Monday, January 13, 2025

Very, very early thoughts on 52 Kingdoms

It is human nature to give added weight to something for arbitrary reasons. For example, I try to make the first game I learn in a year one I think will be a good one. For 2025, I taught myself 52 Kingdoms: Adventures.

It is from Postmark Games, a game publisher that I fell in love with last year. And it fits most of the basic parameters of their other games. It only exists as a Print and Play game and doesn't require any construction. Print out a couple of play sheets and you are good. However, instead of using dice as the random element, 52 Kingdoms uses a standard deck of cards.

It is also a dungeon crawl, a genre I have mixed feelings about. On the one hand, I cut my teeth on Dungeons and Dragons back when dungeons crawls were its basic format. I have played more dungeon crawls than I can remember. On the other hand, I have seen just so many. It's hard for me to get excited by one now.

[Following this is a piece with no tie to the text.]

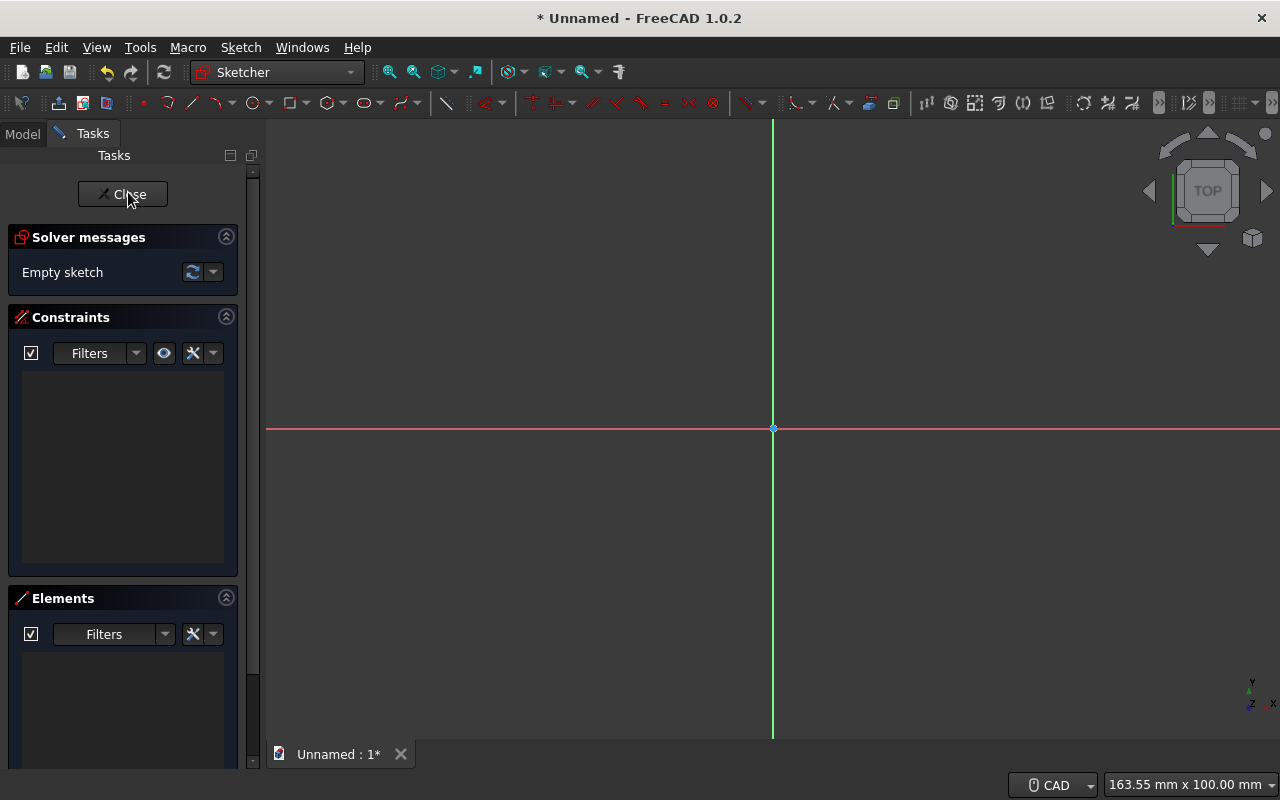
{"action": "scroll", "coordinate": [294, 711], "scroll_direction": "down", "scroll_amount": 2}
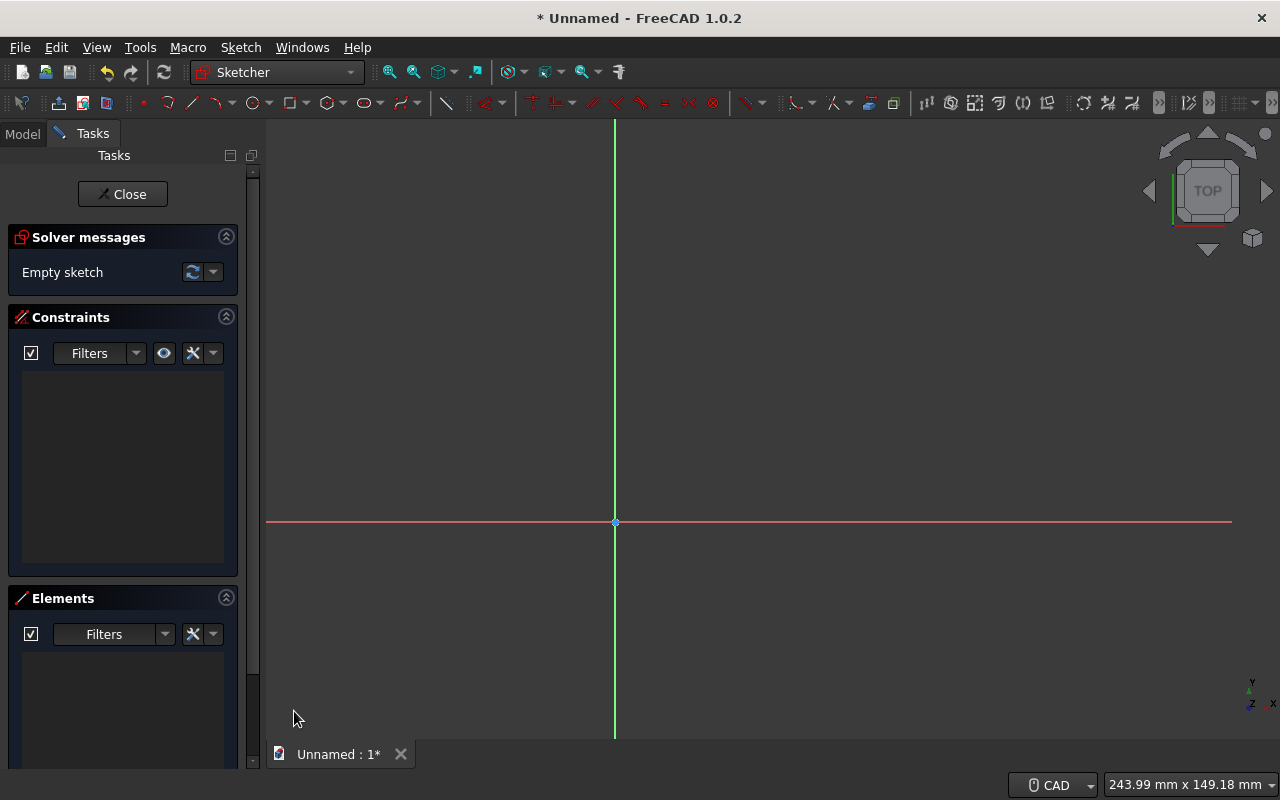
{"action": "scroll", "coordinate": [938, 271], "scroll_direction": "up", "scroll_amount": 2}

Each game consists of two sheets of paper. One is of the dungeon map, which honestly bring back memories of old Dungeon magazine, which isn't a bad thing. The other is a choice of two characters to play. You slide the character sheet under the map so you only see one character. The reason I phrase it that way is because there are two maps and two sets of characters... so far. More are yet to come.

I'm not going to go through the rules. Honestly, after I've played a lot more of 52 Kingdoms, I plan on coming back to it and giving a more nuanced review. What I will say is that cards serve as special items, equipment, loot, wounds, monsters, and a randomizer. While far from the most complex dungeon crawl I've ever seen, I do feel like 52 Kingdoms packs a lot into its small space. 

I feel two dangers micro dungeons crawls can fall into are being too simple or too finicky. 52 Kingdoms avoids the latter through graphic design. The play sheets have clear areas for you to place each type of card. There are clear tables for monsters and curses. Good graphic design makes a huge difference between confusion and good game play.

One weakness that 52 Kingdoms has is that, sometimes, the bookkeeping overcomes the theme. I stop feeling like it's about magic and monsters and dungeons and I feel like I'm doing some accounting with a deck of cards rather than a calculator. That said, I think abstraction is inevitable when you're scaling down a concept.

So far, I've found 52 Kingdoms interesting but I haven't really been drawn into it. But here's the thing. I haven't explored even half of the content has been released and I know there will be more maps and characters released. And I am interested to keep on going and see the whole scope of the system.

The potential is there and I feel positive about that.

I also want to note that, when I first saw the name of the game, I was hoping that 52 Kingdoms would have a greater scale than a dungeon. However, its called 52 Kingdoms: Adventures, which gives me hope that this is just the first game in a series that uses this basic system.